I live in London and had my baby in a huge London teaching hospital. I was in hospital for five days and in that time came across one - just one - midwife who was British. There were a couple of Irish midwives, quite a few eastern Europeans, lots of African and Caribbean women and so on. They were mostly very nice and terribly professional and I dread to think what would have happened if the maternity ward had to rely on British-born midwives.

I wonder if you did a map of the home countries of the staff at the Chelsea and Westminster, how it would compare. I don't for one minute believe the entire staff of the neonatal unit are British-born...

Kathyis12feethighandbites · 27/11/2009 12:59

well quite Verytiredmummy.
Where I live many of the doctors are foreign-born and very few of the patients.

cakeywakey · 27/11/2009 13:02

Have re-read my post and I actually only have two sisters Point still stands though. And you're right Verytiredmummy, if 'foreigners' aren't to be encouraged in the NHS, there would be very few people working there anyway.

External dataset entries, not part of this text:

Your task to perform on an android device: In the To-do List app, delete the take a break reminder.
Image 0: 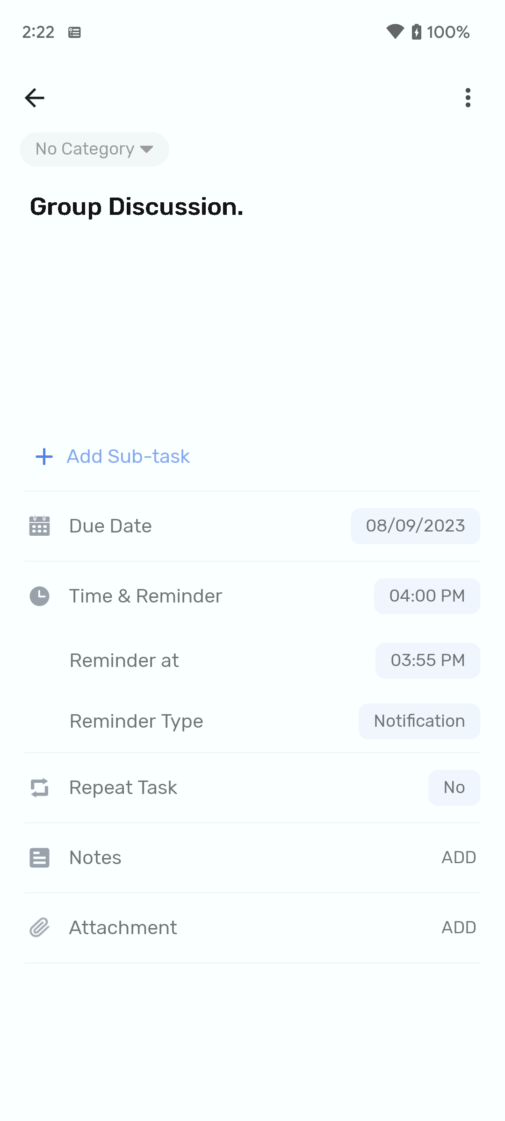
Click on the back arrow at the top left corner of the screen.
Step 0: click (28, 103)
Image 1: 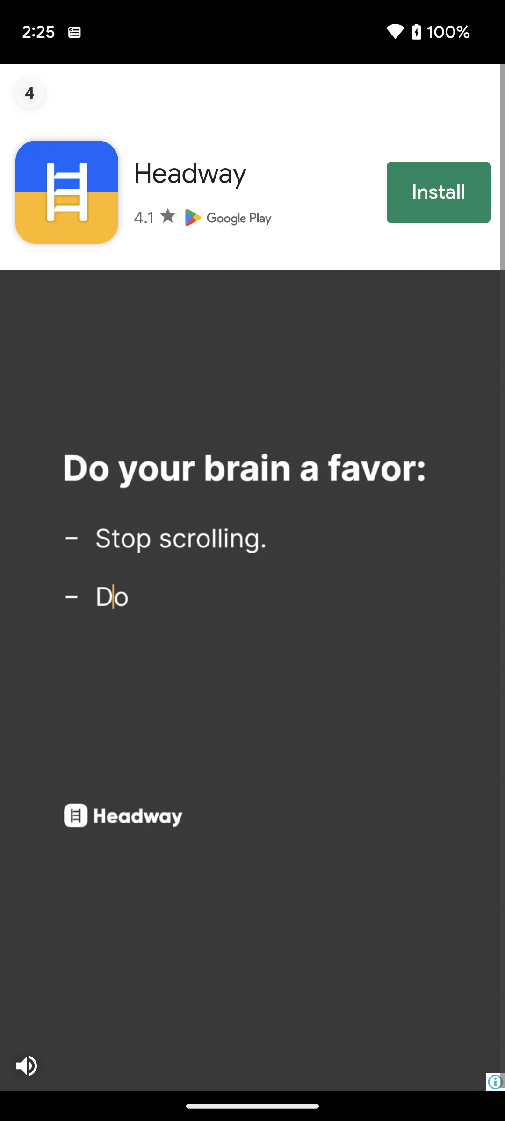
Click on the back arrow at the top left corner of the screen.
Step 1: wait
Image 2: 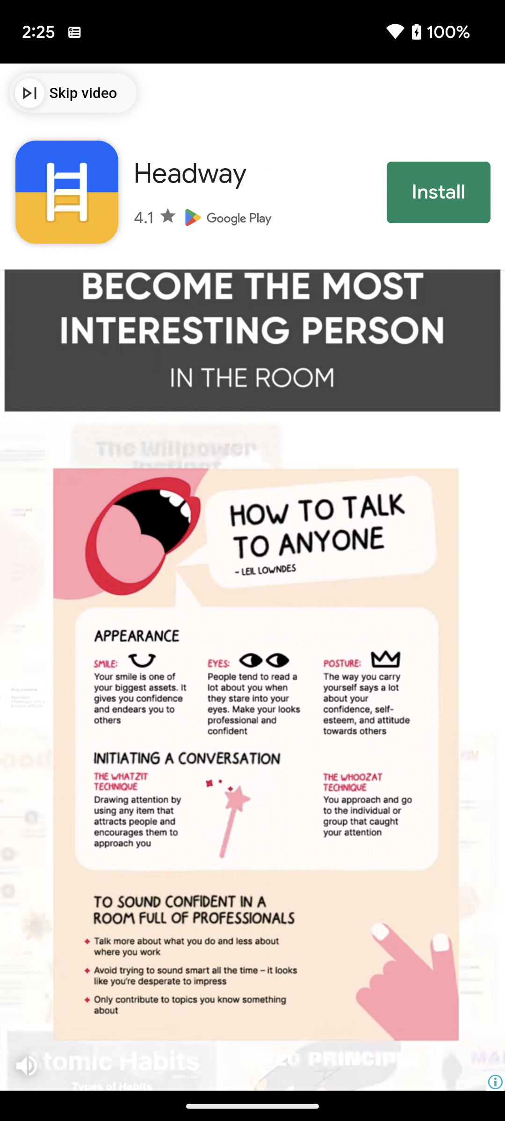
Click on the cross at the top left corner of the screen.
Step 2: wait
Image 3: 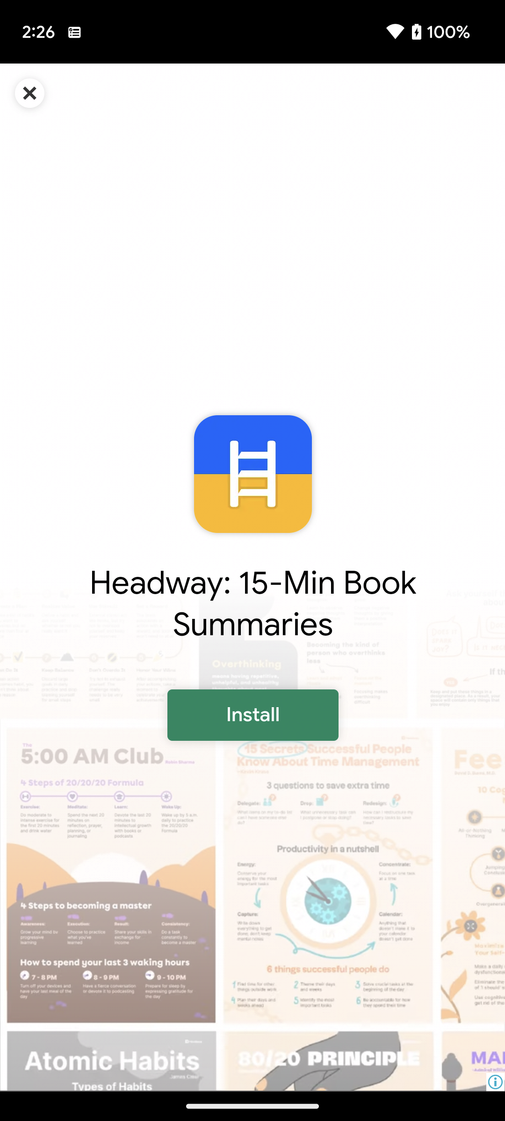
Click on the cross at the top left corner of the screen.
Step 3: click (29, 92)
Image 4: 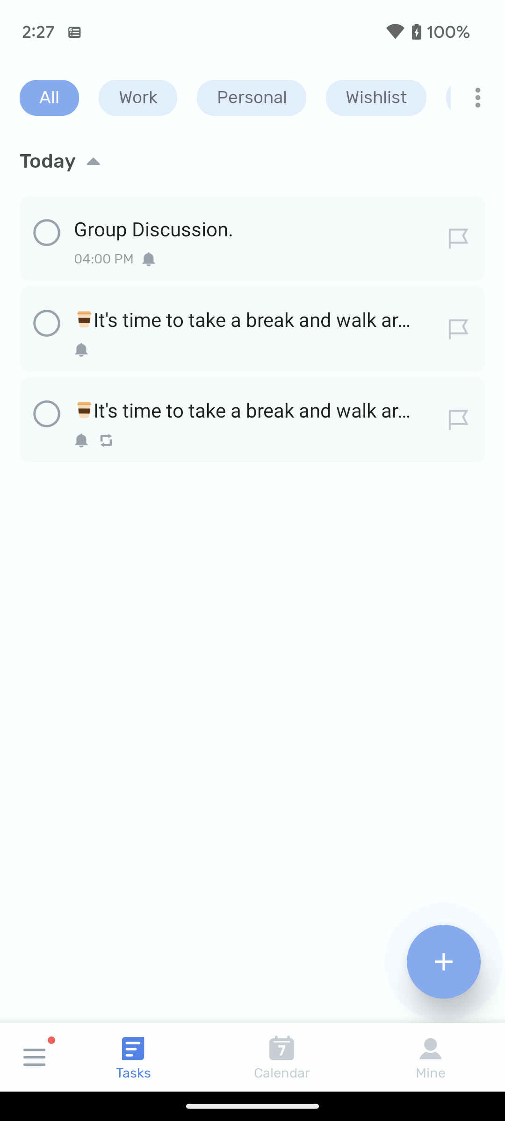
Click on the take a break reminder on the screen.
Step 4: click (255, 319)
Image 5: 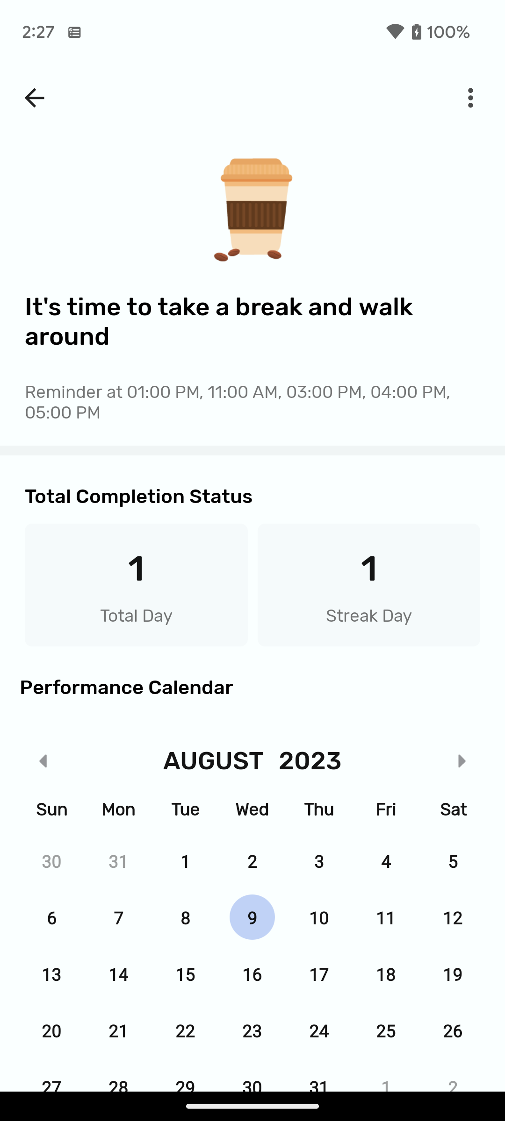
Click on the more icon at the top right corner of the screen.
Step 5: click (468, 95)
Image 9: 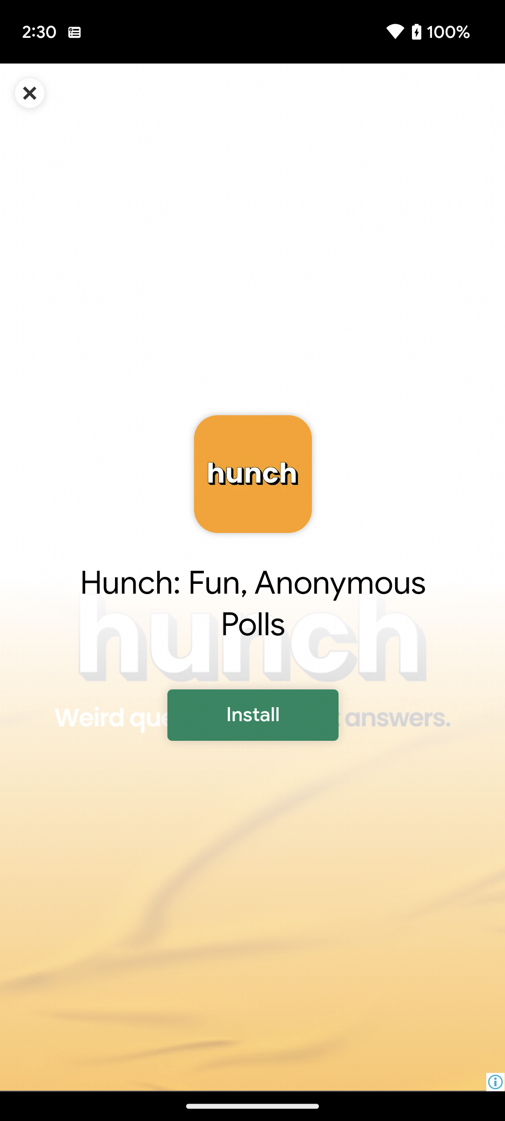
Click on the cross at the top left corner of the screen.
Step 9: click (28, 100)
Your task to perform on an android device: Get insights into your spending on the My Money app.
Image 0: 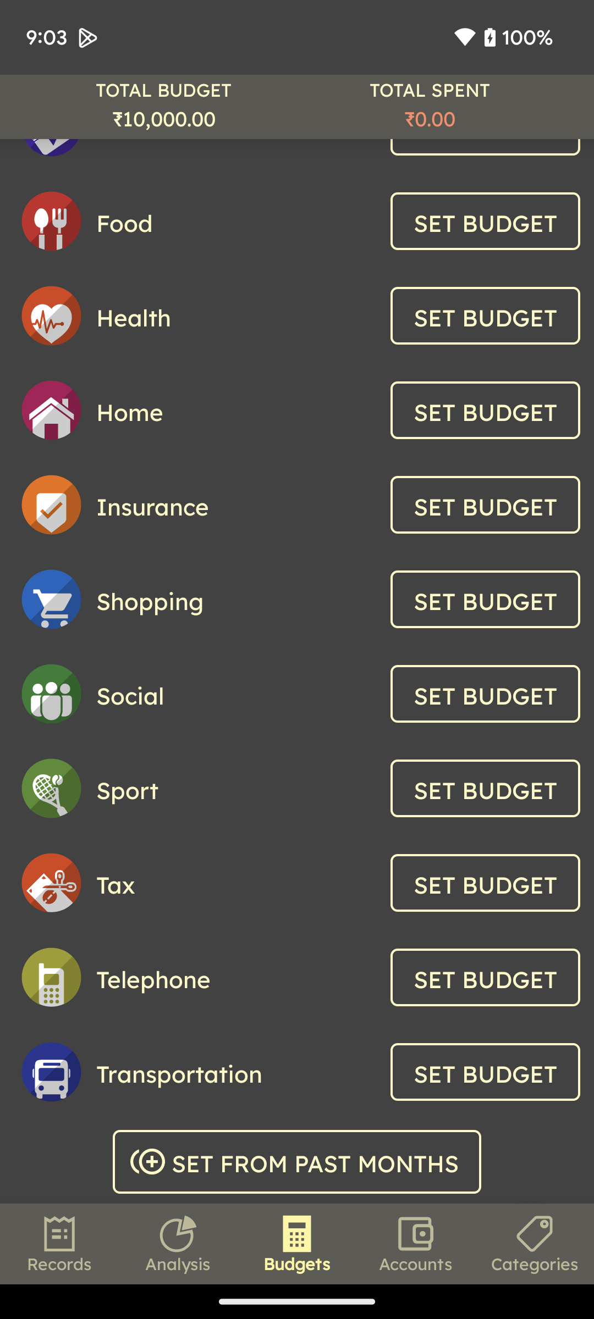
Click on the Analysis option at the bottom of the screen.
Step 0: click (178, 1244)
Image 1: 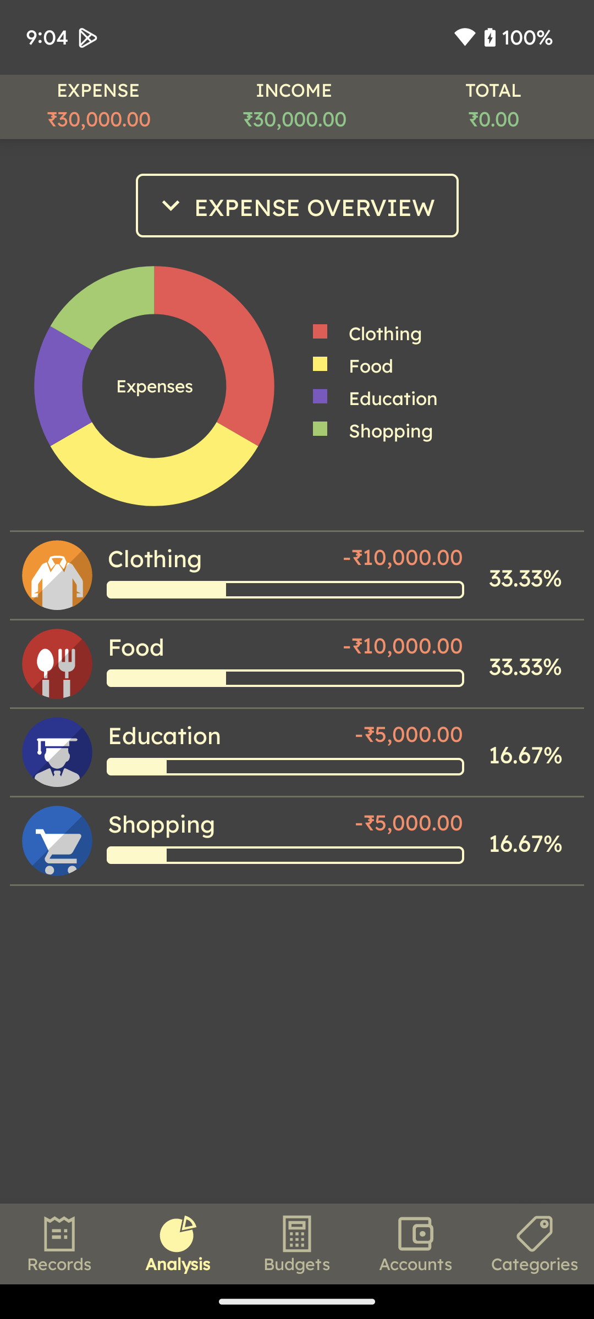
Click on the expense overview option at the top of the screen..
Step 1: click (297, 206)
Image 2: 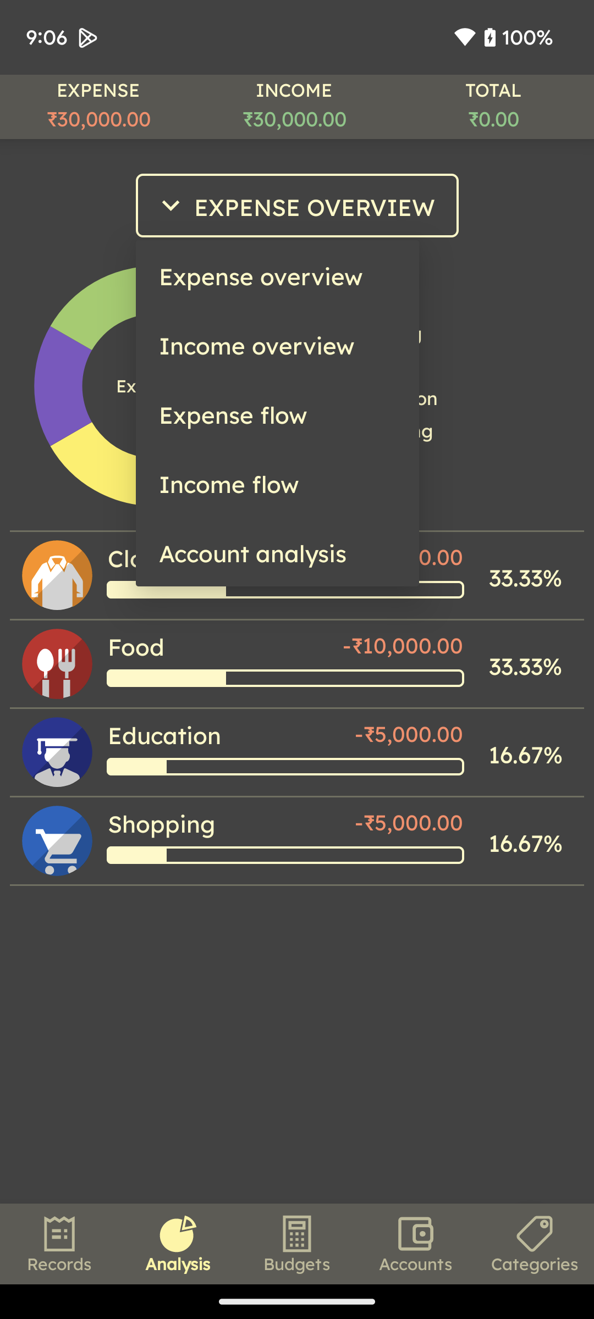
Click on the expense flow option in the drop down list.
Step 2: click (277, 413)
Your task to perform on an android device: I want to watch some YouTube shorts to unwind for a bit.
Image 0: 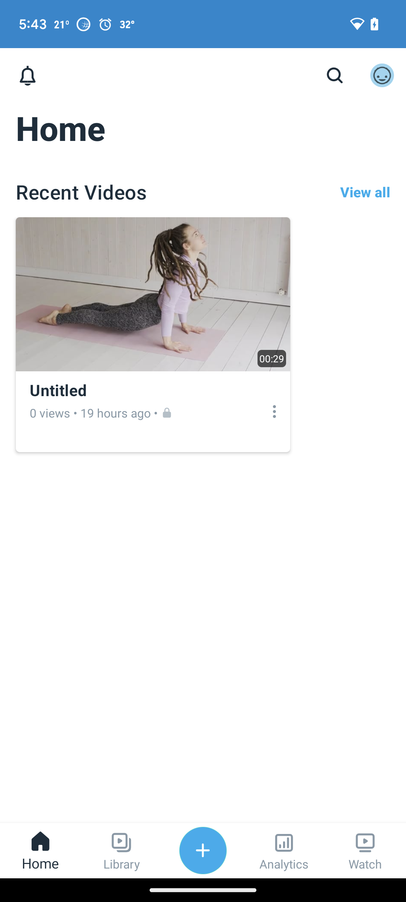
Open the Youtube app
Step 0: open app "YouTube"
Image 1: 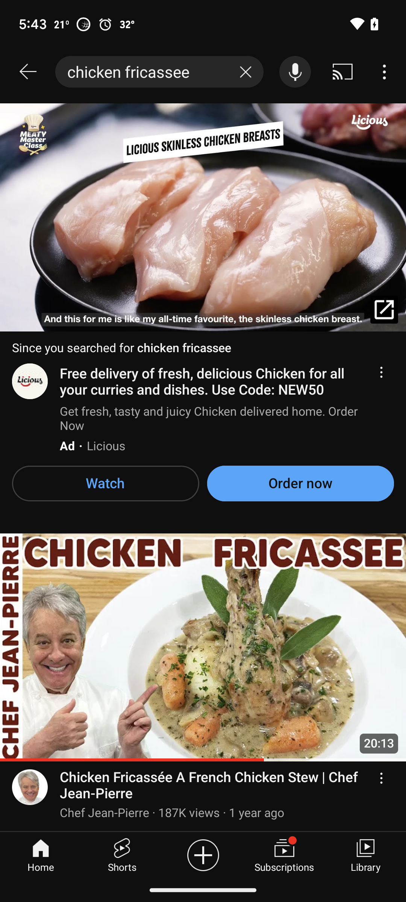
Click on the shorts tab at the bottom of the screen
Step 1: click (122, 854)
Image 2: 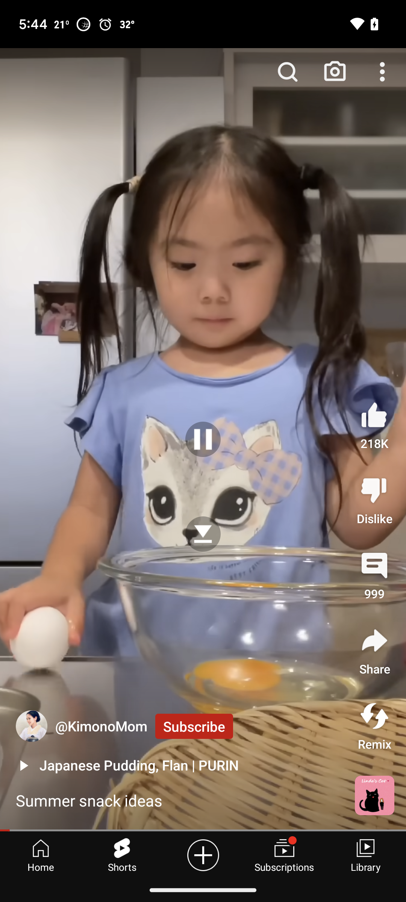
Swipe up the screen to view more shorts
Step 2: scroll down
Image 3: 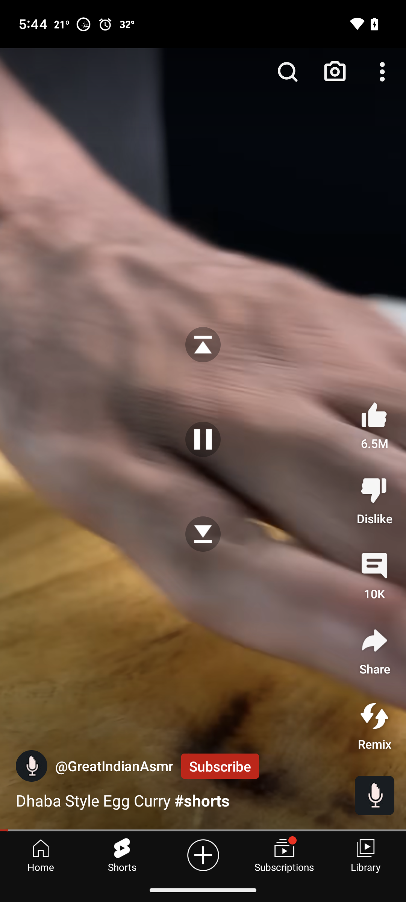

ninedragons · 27/11/2009 13:06

Vile article.

I am a foreign-born British citizenship. I have it by descent, because my Australian grandfather was on holiday in England when WW2 broke out and enlisted in the RAF on the first day because he could fly a plane and was a surgeon. My mother was born there while he, a foreigner, was fighting for Britain. If I'd taken my child to C&W when I lived in London, we would have been included in the DM's pernicious statistics.

Anyone who writes for or reads the Daily Mail is a fucking bigoted cunt.